* [WHAT IS REQUIRED]
Please figure out how many lines in the material contain "track", and give only that number.

* [PROVIDED MATERIAL]
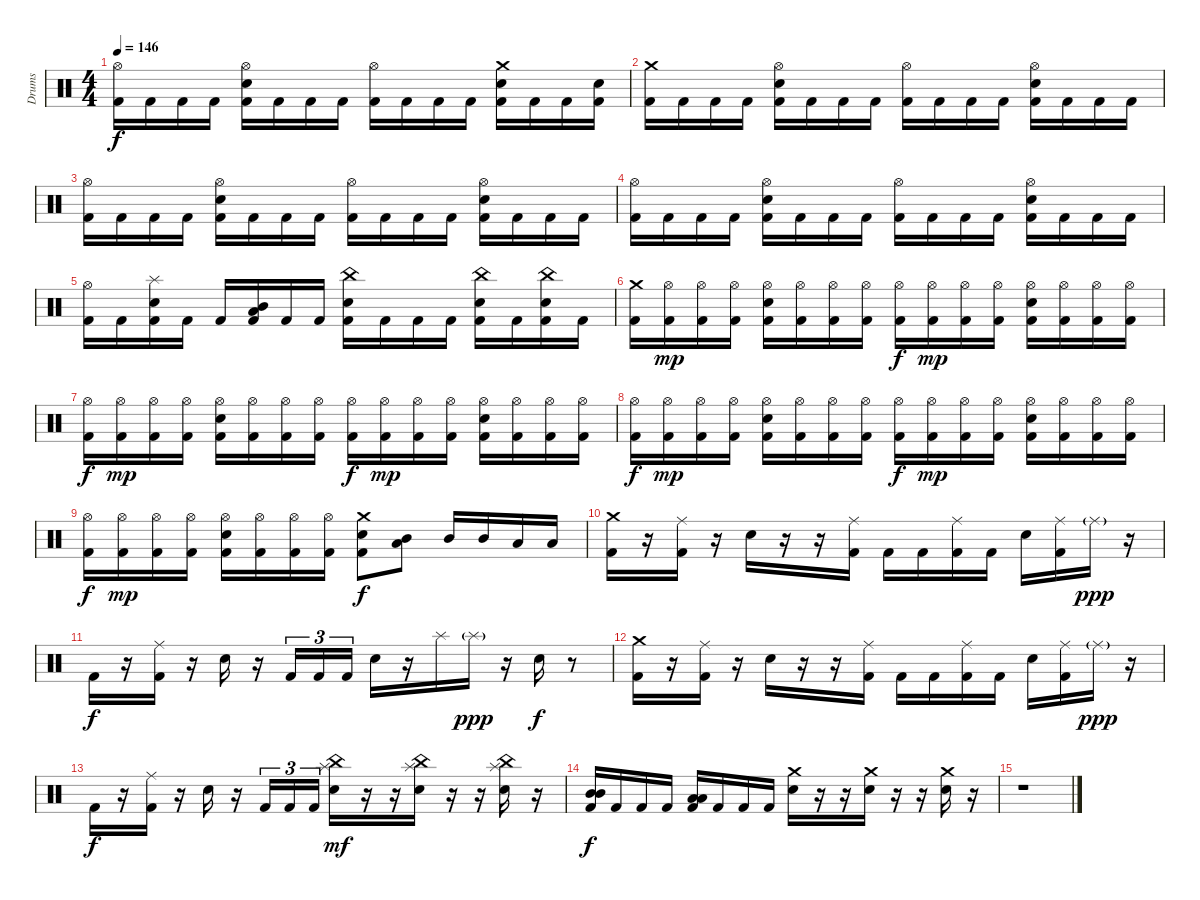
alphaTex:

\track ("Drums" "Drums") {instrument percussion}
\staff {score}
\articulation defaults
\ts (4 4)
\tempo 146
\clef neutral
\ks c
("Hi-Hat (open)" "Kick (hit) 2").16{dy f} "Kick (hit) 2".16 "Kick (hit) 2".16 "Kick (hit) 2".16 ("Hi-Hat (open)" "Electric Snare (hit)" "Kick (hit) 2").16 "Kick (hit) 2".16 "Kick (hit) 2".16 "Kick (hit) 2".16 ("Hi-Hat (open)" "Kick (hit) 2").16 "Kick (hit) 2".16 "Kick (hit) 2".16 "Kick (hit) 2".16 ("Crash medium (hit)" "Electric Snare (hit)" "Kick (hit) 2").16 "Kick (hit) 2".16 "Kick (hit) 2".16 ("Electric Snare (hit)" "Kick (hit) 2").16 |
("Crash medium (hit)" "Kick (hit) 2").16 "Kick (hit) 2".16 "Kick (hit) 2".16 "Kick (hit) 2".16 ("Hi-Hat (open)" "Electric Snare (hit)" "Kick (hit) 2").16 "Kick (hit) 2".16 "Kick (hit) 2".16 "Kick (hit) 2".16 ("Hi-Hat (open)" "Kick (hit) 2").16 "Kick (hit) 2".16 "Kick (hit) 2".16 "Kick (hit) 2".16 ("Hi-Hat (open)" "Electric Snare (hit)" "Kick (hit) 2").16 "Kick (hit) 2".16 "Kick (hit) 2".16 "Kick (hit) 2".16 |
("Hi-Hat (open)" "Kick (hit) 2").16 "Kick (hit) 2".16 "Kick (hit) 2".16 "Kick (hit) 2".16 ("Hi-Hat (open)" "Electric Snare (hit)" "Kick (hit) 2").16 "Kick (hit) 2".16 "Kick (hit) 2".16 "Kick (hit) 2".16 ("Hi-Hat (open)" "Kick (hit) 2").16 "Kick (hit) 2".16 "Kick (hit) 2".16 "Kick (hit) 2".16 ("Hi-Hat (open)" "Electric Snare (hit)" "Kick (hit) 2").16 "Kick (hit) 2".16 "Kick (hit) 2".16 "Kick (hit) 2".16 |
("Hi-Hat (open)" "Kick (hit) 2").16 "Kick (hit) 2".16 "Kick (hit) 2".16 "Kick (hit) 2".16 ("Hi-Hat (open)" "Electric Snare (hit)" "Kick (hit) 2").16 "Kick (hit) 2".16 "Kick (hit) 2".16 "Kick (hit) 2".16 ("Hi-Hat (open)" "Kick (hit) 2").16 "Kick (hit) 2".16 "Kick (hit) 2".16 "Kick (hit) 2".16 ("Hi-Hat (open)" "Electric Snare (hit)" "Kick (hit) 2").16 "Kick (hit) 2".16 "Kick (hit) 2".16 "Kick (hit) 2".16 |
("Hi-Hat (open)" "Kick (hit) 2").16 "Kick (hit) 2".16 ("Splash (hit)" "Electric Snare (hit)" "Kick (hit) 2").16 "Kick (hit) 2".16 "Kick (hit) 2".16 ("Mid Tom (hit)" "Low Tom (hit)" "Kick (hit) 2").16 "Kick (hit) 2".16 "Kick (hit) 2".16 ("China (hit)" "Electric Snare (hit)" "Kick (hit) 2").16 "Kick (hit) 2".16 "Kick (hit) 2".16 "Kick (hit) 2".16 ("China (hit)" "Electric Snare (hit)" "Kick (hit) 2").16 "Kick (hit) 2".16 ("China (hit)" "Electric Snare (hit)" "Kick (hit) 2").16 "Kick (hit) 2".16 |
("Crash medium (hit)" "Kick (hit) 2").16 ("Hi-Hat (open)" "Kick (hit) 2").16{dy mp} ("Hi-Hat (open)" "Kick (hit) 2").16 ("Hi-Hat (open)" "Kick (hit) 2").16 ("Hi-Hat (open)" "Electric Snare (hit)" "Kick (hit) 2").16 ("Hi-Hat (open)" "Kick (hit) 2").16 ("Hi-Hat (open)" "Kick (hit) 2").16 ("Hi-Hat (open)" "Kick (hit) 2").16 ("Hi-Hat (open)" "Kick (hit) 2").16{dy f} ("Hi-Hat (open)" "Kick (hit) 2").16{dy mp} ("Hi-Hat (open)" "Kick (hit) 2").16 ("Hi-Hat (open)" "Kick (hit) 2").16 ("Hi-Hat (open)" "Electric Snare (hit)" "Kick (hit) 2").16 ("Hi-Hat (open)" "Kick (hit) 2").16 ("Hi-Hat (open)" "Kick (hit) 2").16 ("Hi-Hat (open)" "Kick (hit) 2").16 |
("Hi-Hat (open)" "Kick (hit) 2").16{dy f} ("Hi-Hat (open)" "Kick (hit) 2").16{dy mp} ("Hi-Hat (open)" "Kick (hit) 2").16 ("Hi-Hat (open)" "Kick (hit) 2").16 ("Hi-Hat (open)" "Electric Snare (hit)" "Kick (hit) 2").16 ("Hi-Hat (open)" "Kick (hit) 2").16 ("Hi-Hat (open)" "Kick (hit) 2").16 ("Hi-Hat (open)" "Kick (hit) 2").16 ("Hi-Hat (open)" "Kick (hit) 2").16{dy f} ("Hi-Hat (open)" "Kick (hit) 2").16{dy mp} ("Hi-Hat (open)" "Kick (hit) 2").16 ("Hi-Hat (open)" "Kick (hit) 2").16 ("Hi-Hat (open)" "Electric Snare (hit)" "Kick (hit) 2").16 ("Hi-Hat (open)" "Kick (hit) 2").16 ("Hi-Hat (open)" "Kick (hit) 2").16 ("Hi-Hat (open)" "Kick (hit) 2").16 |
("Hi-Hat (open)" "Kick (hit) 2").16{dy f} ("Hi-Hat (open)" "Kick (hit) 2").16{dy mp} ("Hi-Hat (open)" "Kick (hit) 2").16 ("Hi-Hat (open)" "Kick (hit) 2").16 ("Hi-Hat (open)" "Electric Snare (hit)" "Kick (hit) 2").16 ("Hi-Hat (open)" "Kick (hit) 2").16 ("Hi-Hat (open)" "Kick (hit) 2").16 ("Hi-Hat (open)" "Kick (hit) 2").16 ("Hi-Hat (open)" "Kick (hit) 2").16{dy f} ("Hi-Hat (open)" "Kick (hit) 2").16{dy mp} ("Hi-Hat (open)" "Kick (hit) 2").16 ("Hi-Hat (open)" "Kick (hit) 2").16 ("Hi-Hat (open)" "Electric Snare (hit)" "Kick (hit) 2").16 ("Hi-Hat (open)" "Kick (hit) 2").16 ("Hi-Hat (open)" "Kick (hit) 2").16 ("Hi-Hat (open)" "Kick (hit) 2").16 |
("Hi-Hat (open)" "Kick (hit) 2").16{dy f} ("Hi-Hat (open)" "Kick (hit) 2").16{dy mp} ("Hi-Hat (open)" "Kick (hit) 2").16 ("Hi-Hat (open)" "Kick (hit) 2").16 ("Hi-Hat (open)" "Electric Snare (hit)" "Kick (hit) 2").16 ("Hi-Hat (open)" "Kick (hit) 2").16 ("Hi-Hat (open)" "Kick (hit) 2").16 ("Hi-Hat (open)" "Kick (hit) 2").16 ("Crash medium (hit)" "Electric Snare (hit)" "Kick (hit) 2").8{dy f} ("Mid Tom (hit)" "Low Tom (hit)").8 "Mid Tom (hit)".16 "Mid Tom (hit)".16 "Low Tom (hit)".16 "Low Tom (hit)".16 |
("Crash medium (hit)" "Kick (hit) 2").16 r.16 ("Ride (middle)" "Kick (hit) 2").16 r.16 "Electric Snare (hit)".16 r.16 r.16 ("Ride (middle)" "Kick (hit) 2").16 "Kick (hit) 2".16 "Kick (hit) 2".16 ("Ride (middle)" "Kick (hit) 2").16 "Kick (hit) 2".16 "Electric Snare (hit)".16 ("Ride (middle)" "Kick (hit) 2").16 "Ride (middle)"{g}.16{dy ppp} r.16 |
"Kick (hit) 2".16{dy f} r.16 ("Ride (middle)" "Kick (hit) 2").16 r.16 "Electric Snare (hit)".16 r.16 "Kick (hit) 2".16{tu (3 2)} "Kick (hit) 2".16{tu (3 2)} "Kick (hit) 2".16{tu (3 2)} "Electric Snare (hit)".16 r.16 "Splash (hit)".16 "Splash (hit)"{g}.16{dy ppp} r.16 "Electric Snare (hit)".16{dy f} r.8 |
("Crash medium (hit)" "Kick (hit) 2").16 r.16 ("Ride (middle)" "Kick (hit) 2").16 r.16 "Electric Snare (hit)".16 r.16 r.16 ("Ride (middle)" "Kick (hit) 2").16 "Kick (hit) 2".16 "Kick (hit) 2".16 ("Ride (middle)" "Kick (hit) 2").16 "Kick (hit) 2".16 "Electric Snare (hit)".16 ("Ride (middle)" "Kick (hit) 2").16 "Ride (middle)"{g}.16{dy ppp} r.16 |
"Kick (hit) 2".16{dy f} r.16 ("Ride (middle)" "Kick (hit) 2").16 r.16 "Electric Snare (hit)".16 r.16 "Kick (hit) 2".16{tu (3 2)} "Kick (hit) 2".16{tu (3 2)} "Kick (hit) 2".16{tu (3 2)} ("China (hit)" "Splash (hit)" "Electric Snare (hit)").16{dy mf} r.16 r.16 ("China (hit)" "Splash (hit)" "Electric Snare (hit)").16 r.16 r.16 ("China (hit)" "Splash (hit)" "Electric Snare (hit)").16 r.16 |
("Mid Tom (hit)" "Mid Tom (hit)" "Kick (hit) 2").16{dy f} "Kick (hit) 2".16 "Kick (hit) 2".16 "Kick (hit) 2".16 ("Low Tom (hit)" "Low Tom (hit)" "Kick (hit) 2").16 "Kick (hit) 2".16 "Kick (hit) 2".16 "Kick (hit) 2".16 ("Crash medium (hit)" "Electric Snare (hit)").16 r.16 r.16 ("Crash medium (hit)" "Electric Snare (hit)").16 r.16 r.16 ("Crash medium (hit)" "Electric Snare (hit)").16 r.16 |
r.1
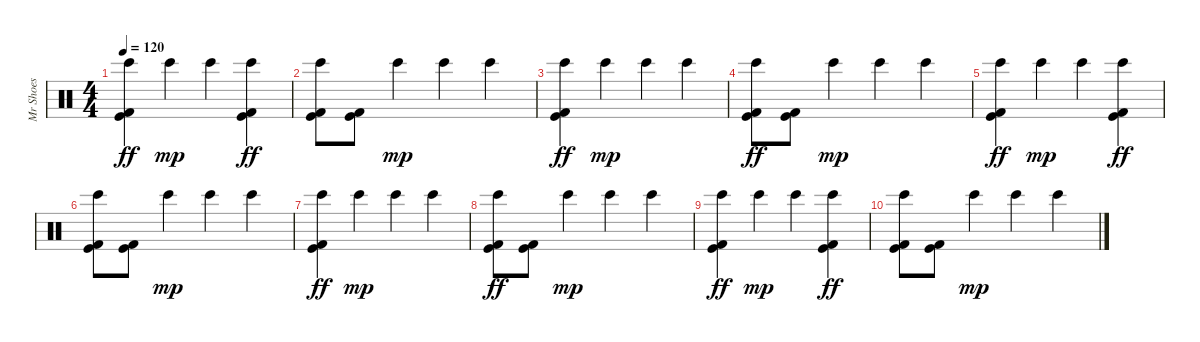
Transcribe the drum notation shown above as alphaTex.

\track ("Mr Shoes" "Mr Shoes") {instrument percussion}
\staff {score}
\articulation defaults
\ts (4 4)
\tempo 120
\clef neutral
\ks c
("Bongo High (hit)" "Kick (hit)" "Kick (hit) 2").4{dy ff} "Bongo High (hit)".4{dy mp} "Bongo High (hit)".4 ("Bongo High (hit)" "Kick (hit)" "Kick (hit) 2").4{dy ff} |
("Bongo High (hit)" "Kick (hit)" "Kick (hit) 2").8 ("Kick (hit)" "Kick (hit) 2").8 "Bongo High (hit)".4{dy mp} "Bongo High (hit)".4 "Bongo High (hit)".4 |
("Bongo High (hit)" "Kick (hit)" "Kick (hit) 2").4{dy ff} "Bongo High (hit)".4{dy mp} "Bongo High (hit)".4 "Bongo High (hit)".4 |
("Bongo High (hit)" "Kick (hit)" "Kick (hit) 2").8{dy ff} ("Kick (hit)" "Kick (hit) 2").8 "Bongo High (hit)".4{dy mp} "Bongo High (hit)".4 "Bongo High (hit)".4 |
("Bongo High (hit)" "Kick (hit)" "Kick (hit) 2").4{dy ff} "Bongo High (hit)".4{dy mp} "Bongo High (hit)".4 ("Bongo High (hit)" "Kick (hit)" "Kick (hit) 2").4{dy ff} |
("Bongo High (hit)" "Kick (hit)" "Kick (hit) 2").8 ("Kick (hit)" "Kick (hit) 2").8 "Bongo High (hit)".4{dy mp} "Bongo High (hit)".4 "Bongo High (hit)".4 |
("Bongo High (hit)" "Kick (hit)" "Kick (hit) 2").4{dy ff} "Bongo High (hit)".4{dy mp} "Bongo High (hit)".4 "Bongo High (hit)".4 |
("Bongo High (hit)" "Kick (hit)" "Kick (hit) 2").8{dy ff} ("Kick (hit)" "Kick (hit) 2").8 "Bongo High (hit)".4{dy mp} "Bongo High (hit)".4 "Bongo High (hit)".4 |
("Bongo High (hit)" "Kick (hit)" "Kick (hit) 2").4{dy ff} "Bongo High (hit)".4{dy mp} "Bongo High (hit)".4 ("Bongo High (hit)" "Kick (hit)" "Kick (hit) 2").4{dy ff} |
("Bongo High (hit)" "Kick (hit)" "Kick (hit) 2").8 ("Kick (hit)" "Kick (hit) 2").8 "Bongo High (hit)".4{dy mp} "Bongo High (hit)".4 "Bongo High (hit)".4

* [RESULT OF THIS EXERCISE]
2